To start this short post, two moments from last week’s totality, separated by three minutes:


And how does one prepare in the weeks before a total eclipse of the sun? So glad you asked.
With a tennis ball, and any other spheres lying around the house.

I now wonder, orbits and dance, what’s the difference?
My son is seen pondering the globes a couple of times, and you can see the actual full moon shining through the windows one night.
The big black book is “The History of the Hobbit,” by John D. Rateliff.
This post is already bloated shamelessly with alliterations, especially of the letter “T”, so I won’t drag in the good name of Tolkien.
Except in the tags.
It is a long time since I read Milton’s “L’Allegro” and so I did not know that tripping the light fantastic is his in origin. I don’t know what that 17th century Puritan thought of dancing but surely he would have at least been somewhat bemused at the way his words were taken.

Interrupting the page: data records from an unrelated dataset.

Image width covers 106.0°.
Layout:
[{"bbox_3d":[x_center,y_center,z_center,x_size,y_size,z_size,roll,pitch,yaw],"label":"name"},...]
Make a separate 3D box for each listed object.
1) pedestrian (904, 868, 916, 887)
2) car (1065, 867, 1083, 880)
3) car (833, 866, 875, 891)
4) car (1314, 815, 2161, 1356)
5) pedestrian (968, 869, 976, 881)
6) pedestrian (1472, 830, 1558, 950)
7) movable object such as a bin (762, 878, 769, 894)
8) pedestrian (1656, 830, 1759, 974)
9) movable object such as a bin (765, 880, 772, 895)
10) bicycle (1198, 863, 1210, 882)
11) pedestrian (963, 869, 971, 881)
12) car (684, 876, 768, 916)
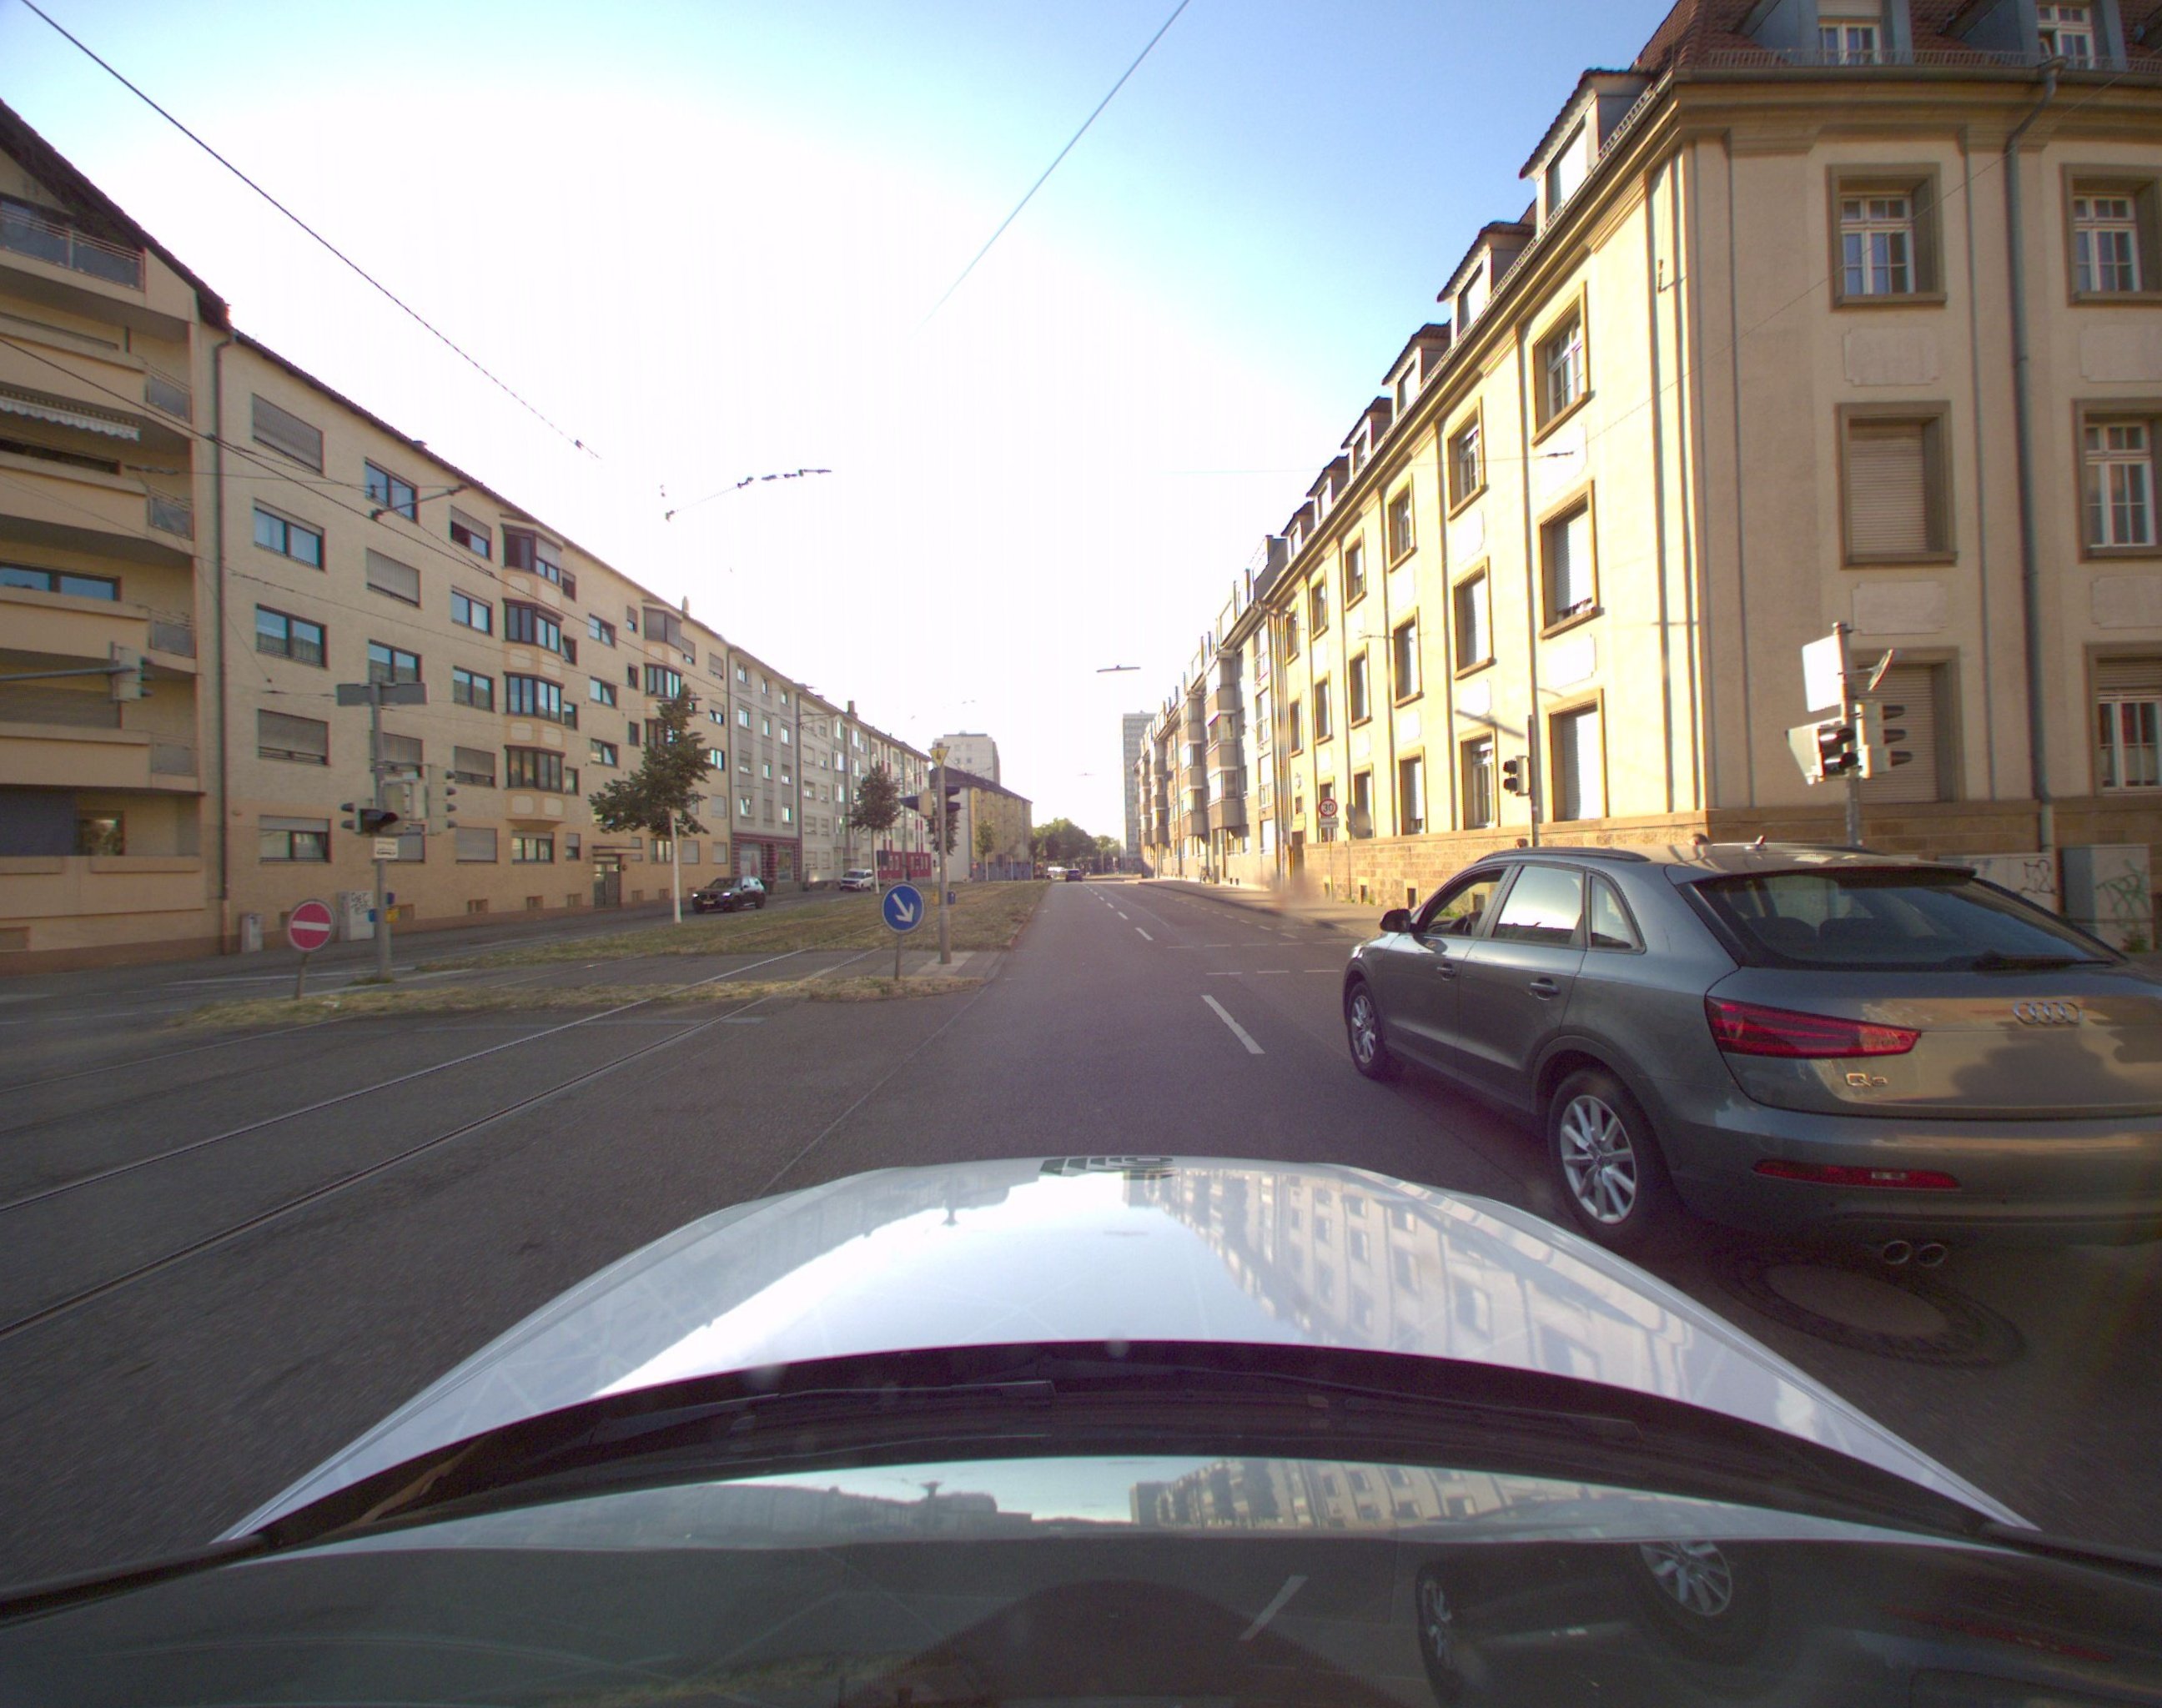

The prayer that I quoted when I last commented that ends with radical trust in the universe begins with “we who have been invited to share in the cosmic dance”, an idea from Thomas Merton. Your artwork is a lovely expression of this idea.
Thank you, Stephen, I really like the Centering prayer you mention. I found the phrase you used online, is this it?

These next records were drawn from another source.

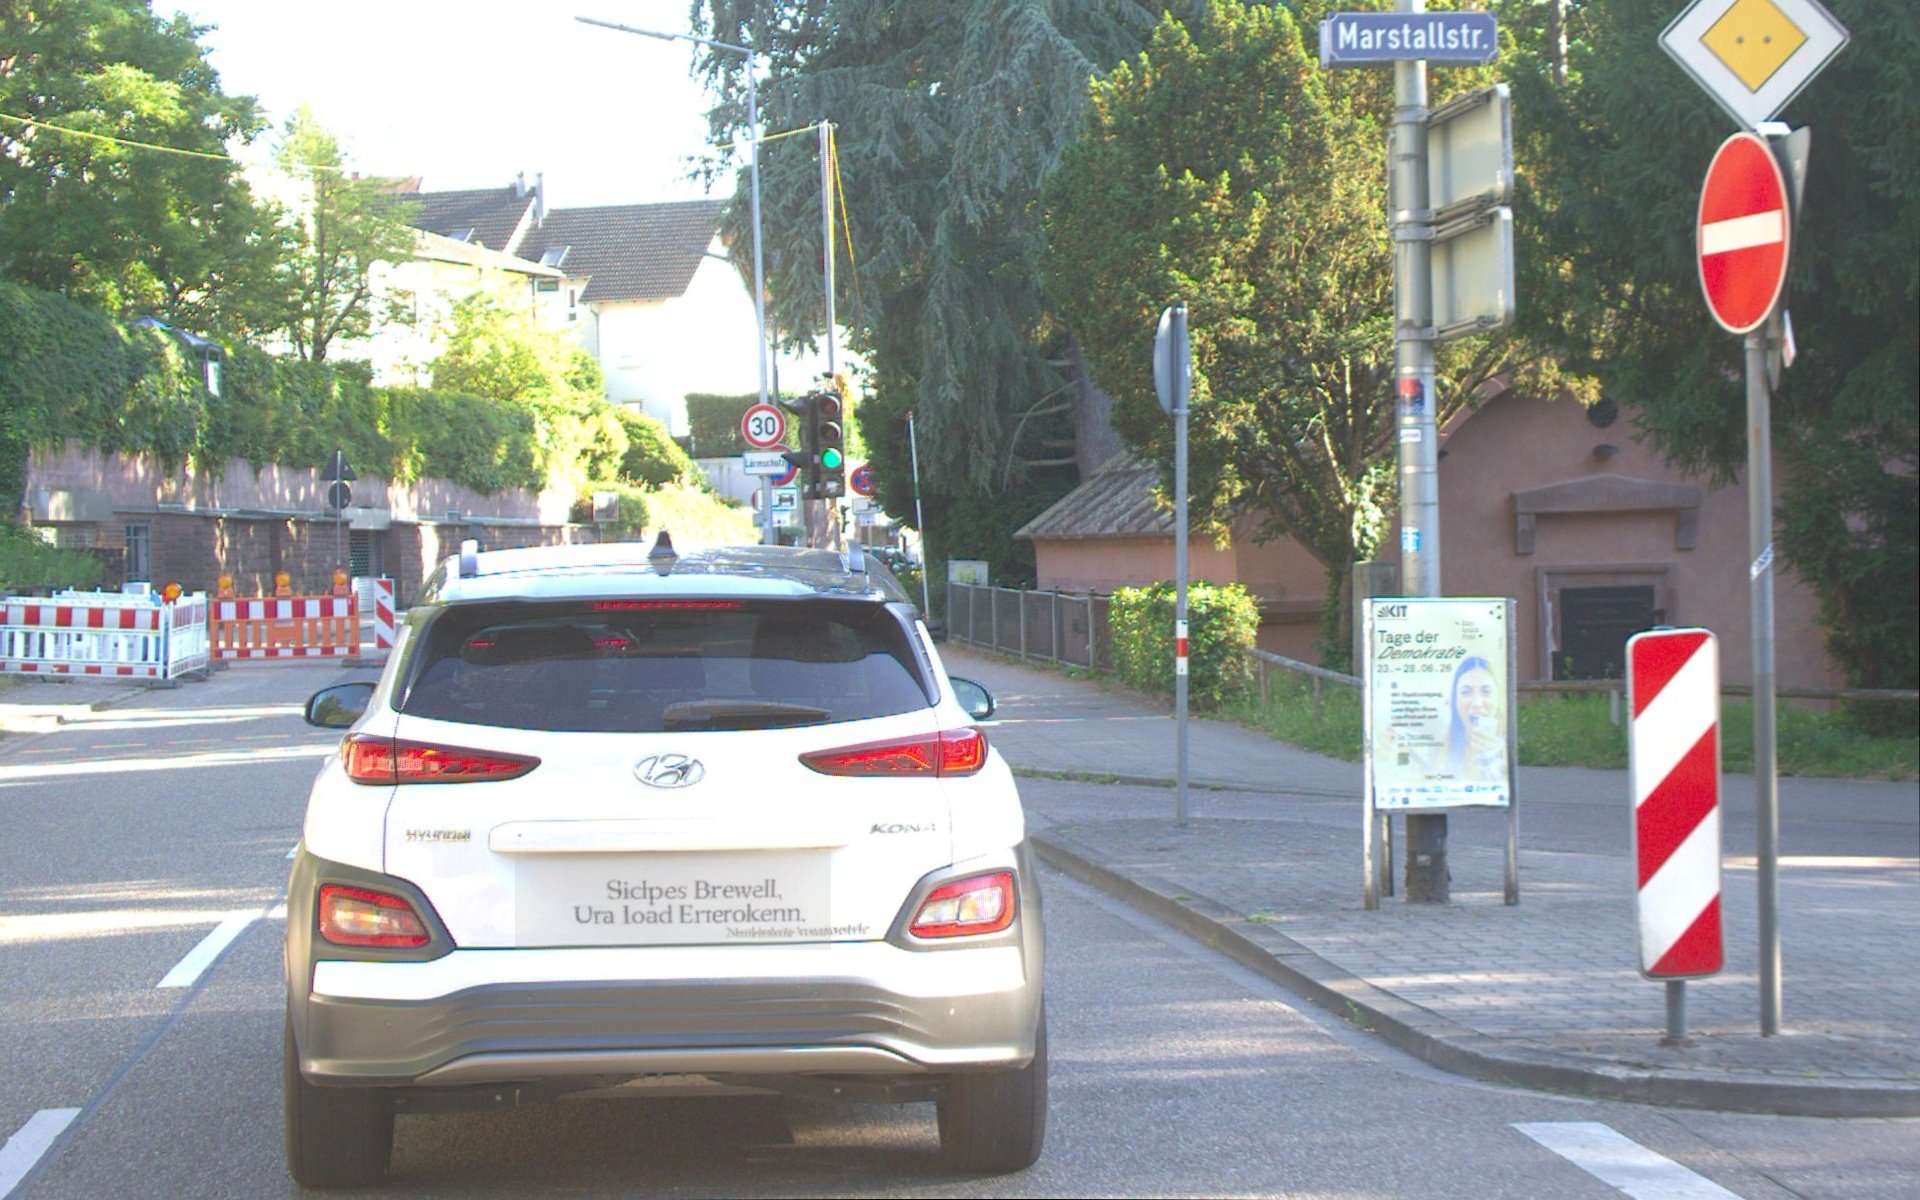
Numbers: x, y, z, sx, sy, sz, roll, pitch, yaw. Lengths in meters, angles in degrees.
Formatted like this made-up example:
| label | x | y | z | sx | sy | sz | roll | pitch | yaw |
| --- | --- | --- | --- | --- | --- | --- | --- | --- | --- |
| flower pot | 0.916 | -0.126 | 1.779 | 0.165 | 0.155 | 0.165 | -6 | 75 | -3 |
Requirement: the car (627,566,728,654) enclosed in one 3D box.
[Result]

“In times of trouble, and with assurance for what is and all that is to be, May we have faith in the unfolding of our lives, and radical trust in the universe
(excerpted from Psalm 106, Nan Merrill, Psalms for Praying)”
Googling Merton and radical trust, I got this great excerpt from “New Seeds of Contemplation”:
“What is serious to men is often very trivial in the sight of God. What in God might appear to us as “play” is perhaps what he Himself takes most seriously. At any rate, the Lord plays and diverts Himself in the garden of His creation, and if we could let go of our own obsession with what we think is the meaning of it all, we might be able to hear His call and follow Him in His mysterious, cosmic dance. We do not have to go very far to catch echoes of that game, and of that dancing. When we are alone on a starlit night; when by chance we see the migrating birds in autumn descending on a grove of junipers to rest and eat; when we see children in a moment when they are really children; when we know love in our own hearts; or when, like the Japanese poet Bashō we hear an old frog land in a quiet pond with a solitary splash–at such times the awakening, the turning inside out of all values, the “newness,” the emptiness and the purity of vision that make themselves evident, provide a glimpse of the cosmic dance.

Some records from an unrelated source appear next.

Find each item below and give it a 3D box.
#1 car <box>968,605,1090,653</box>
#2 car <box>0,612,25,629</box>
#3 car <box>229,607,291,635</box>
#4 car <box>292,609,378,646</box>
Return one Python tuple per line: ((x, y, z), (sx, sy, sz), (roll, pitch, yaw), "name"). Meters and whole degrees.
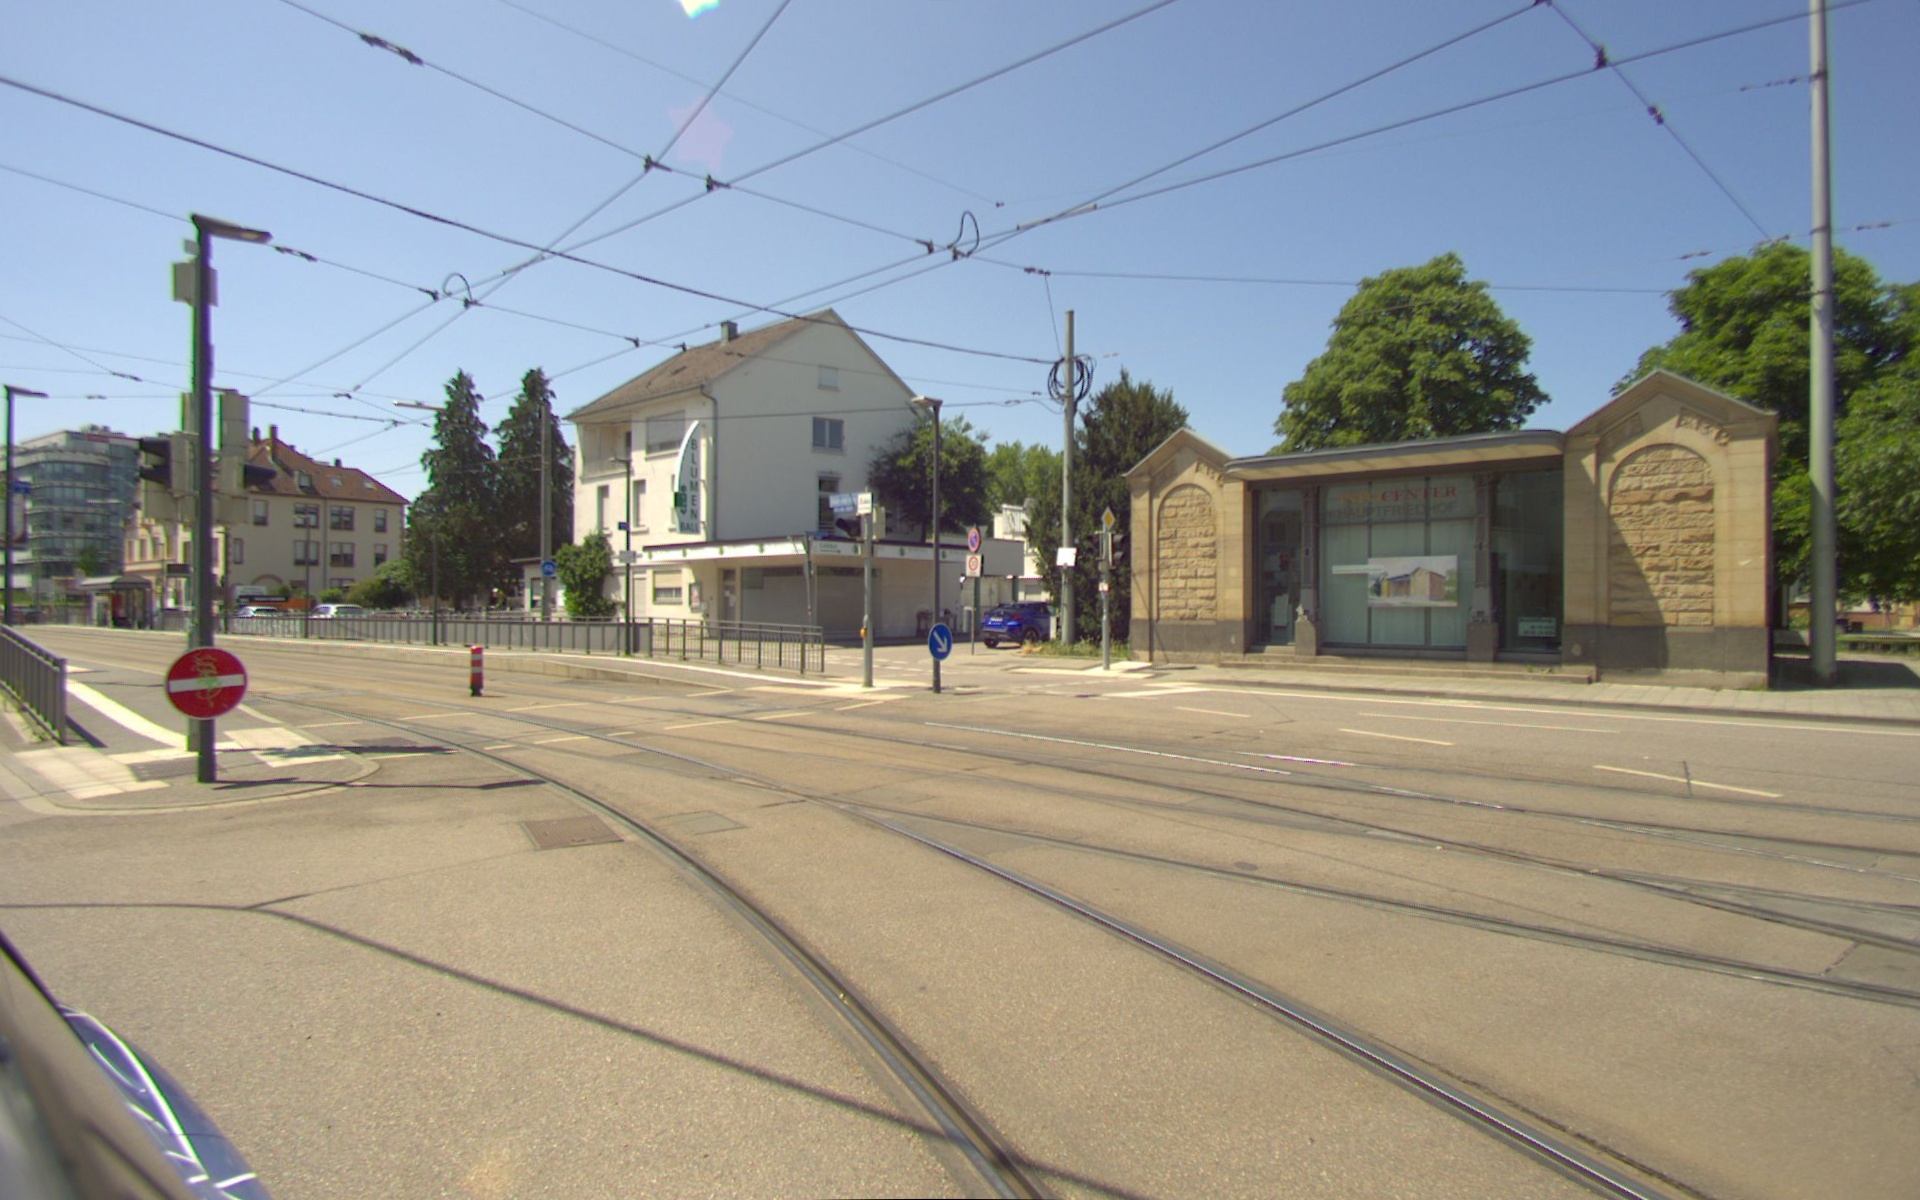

“For the world and time are the dance of the Lord in emptiness. The silence of the spheres is the music of a wedding feast. The more we persist in misunderstanding the phenomena of life, the more we analyze them out into strange finalities and complex purposes of our own, the more we involve ourselves in sadness, absurdity and despair. But it does not matter much, because no despair of ours can alter the reality of things; or stain the joy of the cosmic dance which is always there. Indeed, we are in the midst of it, and it is in the midst of us, for it beats in our very blood, whether we want it to or not.
“Yet the fact remains that we are invited to forget ourselves on purpose, cast our awful solemnity to the winds and join in the general dance.”